Mallory held up a finger to indicate for her to wait.

“It’s Jude,” she said, typing into her phone. “Your roommate.”

“Cool.”

“She’s my best friend, you know.”

Tappedy, tappedy tap.

“Since we were six.”

Penny rolled her eyes. Quickly so she wouldn’t get her ass beat by this giant.

“Is everything okay?”

Mallory held up her finger again. Penny wondered how much force it would require to break it in three places.

“She wants us to meet her at a coffee shop on the Drag.”

There had to be some rule against moving to a second location with a stranger. For all Penny knew, her new roommate and this obnoxious broad could be “best friends” from a fetish message board that specialized in cutting up Asian girls for hot dogs. It was all so typical. Penny was at college ten minutes and she was already the third wheel.

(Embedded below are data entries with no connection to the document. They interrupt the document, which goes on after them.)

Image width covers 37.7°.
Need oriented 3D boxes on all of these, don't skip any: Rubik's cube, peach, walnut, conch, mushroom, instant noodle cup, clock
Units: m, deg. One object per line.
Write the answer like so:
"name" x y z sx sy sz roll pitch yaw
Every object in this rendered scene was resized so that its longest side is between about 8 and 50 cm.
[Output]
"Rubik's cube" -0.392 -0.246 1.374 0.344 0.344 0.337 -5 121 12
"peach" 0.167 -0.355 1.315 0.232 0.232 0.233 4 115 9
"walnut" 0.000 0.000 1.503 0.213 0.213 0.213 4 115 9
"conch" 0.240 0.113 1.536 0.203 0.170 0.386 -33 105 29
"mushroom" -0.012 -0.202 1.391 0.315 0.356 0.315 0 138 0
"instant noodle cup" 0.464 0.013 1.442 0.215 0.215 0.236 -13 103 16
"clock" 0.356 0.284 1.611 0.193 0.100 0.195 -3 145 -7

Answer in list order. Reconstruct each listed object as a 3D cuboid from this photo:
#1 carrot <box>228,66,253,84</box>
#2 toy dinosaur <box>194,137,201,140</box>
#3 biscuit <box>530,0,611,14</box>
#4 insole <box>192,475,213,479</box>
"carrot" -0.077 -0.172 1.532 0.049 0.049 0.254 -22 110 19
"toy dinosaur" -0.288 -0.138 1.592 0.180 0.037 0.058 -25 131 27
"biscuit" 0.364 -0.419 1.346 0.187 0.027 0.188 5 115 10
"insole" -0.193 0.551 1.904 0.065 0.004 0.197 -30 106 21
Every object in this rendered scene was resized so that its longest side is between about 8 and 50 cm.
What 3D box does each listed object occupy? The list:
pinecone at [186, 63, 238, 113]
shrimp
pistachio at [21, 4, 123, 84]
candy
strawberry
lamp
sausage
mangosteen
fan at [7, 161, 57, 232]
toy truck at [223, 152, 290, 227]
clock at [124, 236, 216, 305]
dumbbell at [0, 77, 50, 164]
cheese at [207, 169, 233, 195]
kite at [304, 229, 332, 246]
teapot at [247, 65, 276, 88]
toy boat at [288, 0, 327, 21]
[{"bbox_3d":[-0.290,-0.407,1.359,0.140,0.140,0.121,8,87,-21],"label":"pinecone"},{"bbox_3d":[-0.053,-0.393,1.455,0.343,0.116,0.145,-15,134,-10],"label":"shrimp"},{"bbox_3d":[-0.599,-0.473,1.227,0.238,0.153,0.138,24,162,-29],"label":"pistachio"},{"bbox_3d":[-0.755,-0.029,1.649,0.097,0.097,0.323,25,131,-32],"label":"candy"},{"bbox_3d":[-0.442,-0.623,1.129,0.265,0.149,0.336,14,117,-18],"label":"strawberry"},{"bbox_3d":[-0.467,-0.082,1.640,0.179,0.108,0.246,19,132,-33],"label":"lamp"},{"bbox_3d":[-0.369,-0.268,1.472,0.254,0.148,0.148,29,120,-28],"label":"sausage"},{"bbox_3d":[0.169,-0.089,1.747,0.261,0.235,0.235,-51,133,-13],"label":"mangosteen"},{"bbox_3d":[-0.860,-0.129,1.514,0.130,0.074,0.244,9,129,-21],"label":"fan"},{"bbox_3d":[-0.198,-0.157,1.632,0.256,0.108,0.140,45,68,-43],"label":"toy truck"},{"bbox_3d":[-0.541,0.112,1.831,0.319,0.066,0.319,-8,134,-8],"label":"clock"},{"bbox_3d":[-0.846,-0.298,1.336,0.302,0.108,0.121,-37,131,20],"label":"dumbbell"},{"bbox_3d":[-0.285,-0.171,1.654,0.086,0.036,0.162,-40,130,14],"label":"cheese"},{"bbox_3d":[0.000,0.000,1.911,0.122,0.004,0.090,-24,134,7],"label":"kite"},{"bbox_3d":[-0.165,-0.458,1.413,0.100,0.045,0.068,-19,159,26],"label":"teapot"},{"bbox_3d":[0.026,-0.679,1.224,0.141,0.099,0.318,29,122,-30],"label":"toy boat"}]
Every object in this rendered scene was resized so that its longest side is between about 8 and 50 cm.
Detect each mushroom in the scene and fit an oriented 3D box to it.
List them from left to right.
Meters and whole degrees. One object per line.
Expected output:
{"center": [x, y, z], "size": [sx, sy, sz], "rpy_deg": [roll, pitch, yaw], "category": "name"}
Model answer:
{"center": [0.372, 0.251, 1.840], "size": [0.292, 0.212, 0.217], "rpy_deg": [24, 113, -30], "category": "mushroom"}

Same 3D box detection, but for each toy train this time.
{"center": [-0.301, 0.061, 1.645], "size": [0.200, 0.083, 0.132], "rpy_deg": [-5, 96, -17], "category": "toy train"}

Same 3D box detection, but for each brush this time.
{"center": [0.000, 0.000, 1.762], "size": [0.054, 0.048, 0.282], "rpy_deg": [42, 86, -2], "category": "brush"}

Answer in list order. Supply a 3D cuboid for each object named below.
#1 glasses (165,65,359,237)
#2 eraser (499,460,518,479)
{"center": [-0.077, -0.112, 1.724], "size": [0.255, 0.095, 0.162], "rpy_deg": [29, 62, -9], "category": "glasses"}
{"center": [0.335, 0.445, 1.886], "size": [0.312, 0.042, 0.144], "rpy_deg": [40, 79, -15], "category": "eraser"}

“Let’s go.” Mallory set about collecting her things and then looked at a dawdling Penny as if she were stupid.

“Look, they have donuts.”

Penny grabbed her backpack.

Mallory Sloane Kidder might have been an asshole, but her argument was airtight.

SAM.

Jude smiled at Sam.

Sam smiled at Jude.

Jude’s smile was better than Sam’s.

Sam remembered the first time she’d smiled at him. It was Christmas Day a decade ago and Sam was ornery when he opened the door. Bad enough he was forced to wear itchy pants that bunched at the crotch, but to add insult to injury, his mom, Brandi Rose, made him put on a tie.

“Put on a tie,” she’d said. Just like that. She had curlers in her hair and smelled of the perfume that had appeared mysteriously in a glass teardrop on the bathroom counter.

“Hurry up.” She swatted his arm as she squeezed past in their comically snug hall. Sam studied her as she shambled into the kitchen and tried to see her as a man would, as a woman. She looked haggard. The broken blood vessels around her nose had been covered with a thick powder that aged her.